Start of Block

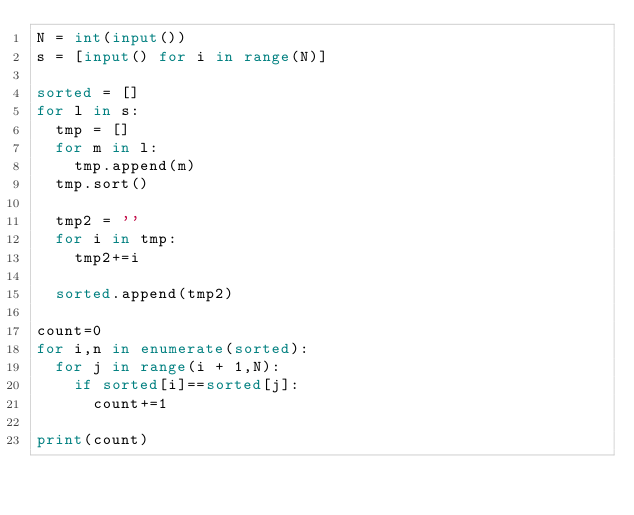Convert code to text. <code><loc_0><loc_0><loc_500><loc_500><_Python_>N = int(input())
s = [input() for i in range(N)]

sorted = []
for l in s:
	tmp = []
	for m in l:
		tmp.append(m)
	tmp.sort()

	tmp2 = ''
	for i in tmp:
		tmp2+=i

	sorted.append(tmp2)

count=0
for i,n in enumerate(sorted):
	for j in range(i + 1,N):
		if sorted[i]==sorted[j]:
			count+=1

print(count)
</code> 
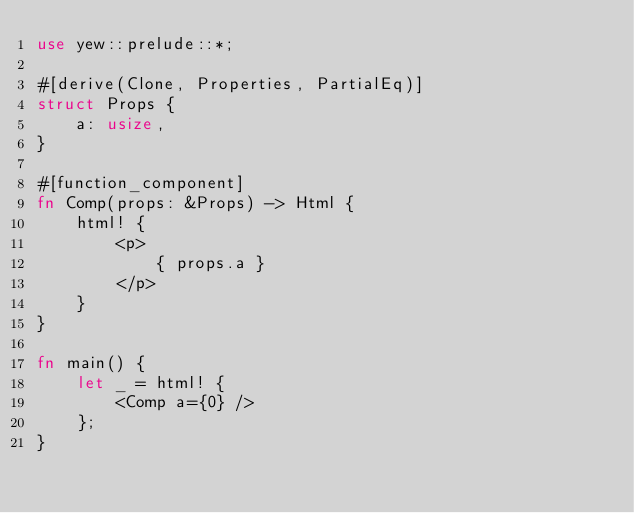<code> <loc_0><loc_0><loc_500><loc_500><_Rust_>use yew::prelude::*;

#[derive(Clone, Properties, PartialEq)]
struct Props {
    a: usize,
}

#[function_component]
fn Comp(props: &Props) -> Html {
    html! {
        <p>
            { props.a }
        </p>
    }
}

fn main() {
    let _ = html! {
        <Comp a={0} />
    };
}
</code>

End of Block

AIM OF THE TASK: Your task is to copy each line from the material above that includes the word "sorted".

TASK ANSWER:
sorted = []
	sorted.append(tmp2)
for i,n in enumerate(sorted):
		if sorted[i]==sorted[j]:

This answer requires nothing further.